Analysis of Conservative Leadership Race – Reformer vs Progressive Conservative

Politics Splash

Thunder Bay – ANALYSIS – The race for the leadership of the federal Conservative Party of Canada is in many ways putting the future of the official opposition into a battle of the past against the future.

Arguably the main battle appears to be between Pierre Poilievre and Jean Charest.

In some ways in the battle for the hearts and votes of Conservatives it is a return to the 1990’s where the Reform Party was challenging the Progressive Conservatives.

Jean Charest was one of the two remaining Progressive Conservative Members of Parliament following the on October 25, 1993. In that election the Liberal won a majority and the Reform Party took over seats in Western Canada electing 52 MPs.

Pierre Poilievre came out of the Reform to Canadian Alliance shift, having worked on the campaigns to draft Alberta Treasurer Stockwell Day as leader of the Canadian Alliance.

Charest left Parliament to take on the leadership of the Quebec Liberal Party – after basically a draft movement from across Canada encouraged him to do so.

Over the past terms in the official opposition, Pierre Poilievre has become effectively the master of questioning Liberal Ministers and parking his questions in short demands for a yes or no answer.

Jean Charest brings a wider and longer scope of leadership to the race.

On Social Media

What is interesting is that Pollievre is bringing an almost Donald Trump rally style to his leadership campaign. He is combining that with a very slick social media campaign that generates a lot of interest to his 334,000 followers on Twitter.

Jean Charest has 19,400 Twitter followers. At times Charest has been a little like Peter MacKay when he challenged for the Conservative leadership, on the whole the ‘ring rust’ of not being in the daily battleground of partisan politics is showing.

The two leadership challengers actually appear to dislike each other.

There have been interviews on television where supporters have gone full out against the other in a manner that makes it appear healing those political wounds is going to be hard after a winner is declared.

The real battle for the eventual winner of the Conservative leadership race will be with the Justin Trudeau Liberals.

Charest announced that all his campaign entry fees, $300,000 have been paid in full and that he has officially confirmed his place on the ballot.

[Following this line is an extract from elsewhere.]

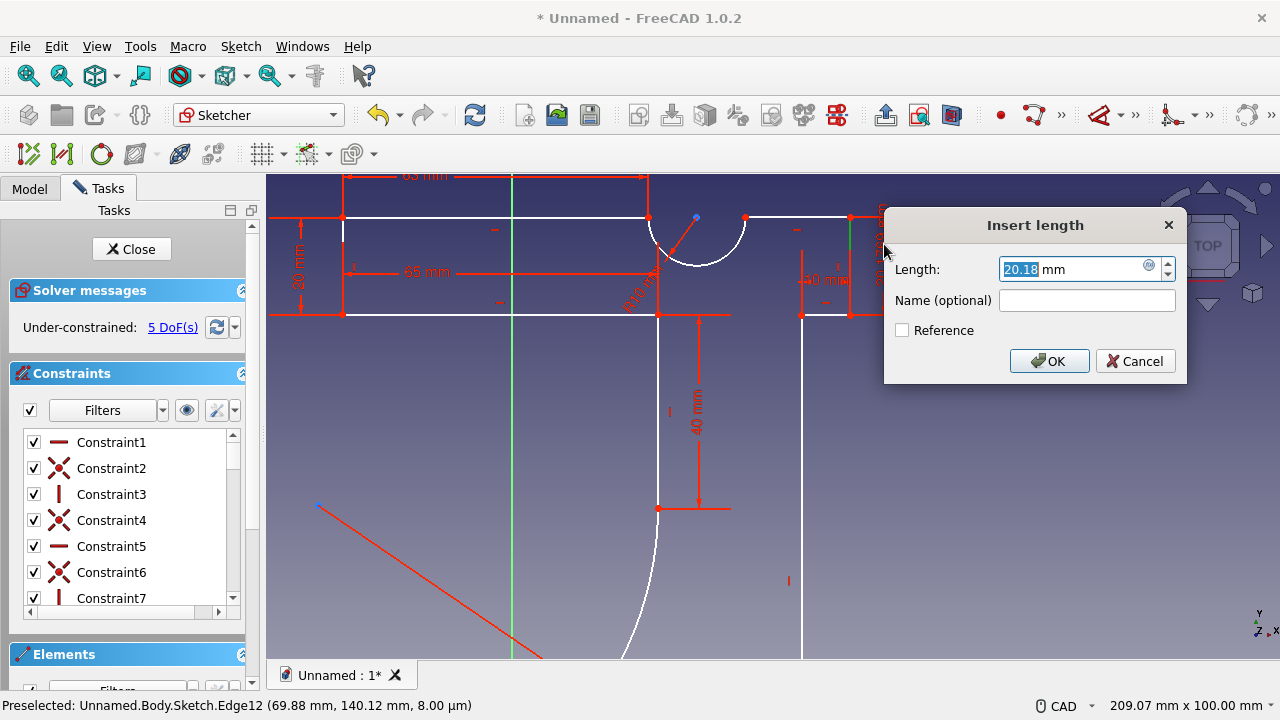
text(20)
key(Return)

“I’m proud to have achieved this milestone less than five weeks after my campaign launched. In this short period of time, we’ve raised over one million dollars, I’ve travelled to six provinces, held dozens of in person events, met with thousands of Canadians, pledged tens of thousands of Conservative Party members, signed up 1,500 volunteers and 400 full time ground organizers, and doubled the amount of Conservative party members in Quebec and we are just getting started,” states Charest. “I am hearing the same thing across the country: Canadians have had enough of slogans, soundbites and poor judgement. Only a sound and credible alternative can beat the NDP-Trudeau Government, and I am that candidate”.

Pierre Poilievre is running on a campaign to make the lives of Canadians freer.

“Governments have become too accustomed to calling the shots and dictating how you should live your life. That is going to change when I become Prime Minister. I believe in Canadians over government. I believe we need to innovate, compete and challenge ideas free from excessive government control.

“I am running for Prime Minister to put you back in charge of your life and to make Canada the freest nation on earth. This is not a campaign. This is a cause. And I can’t do it alone.”


Poilievre has become a master of coining phrases that appeal to his audience and prospective audience.

“Grown adults live in their parents’ basements because they are among the 9 in 10 aspiring home buyers who have given up on finding a home. Food inflation forces single moms to skip meals, so their kids don’t have to, 4 in 5 families cut back on groceries and carbon taxes inflate heat and gas bills on fixed-income seniors. Now, the interest rate hikes caused by this reckless spending will force families and businesses into debt, putting many at risk of bankruptcy. The hike will add $6 billion in additional annual debt interest costs to taxpayers. Homeowners, already struggling to pay the mortgages on their overpriced homes, will see a typical variable-rate mortgage payment increase by about $4000 a year,” states the Conservative leadership candidate. “I would reverse JustinFlation with common sense policy, including: axing the carbon tax, phasing out inflationary deficits by ending wasteful spending and canceling new promises and removing the gatekeepers to make more of what cash buys – energy, food and housing”.

Other Options?

While there are other candidates who could be right now at least considered ‘dark horses’ in the race, like Patrick Brown for example. it appears at present this is a two horse race.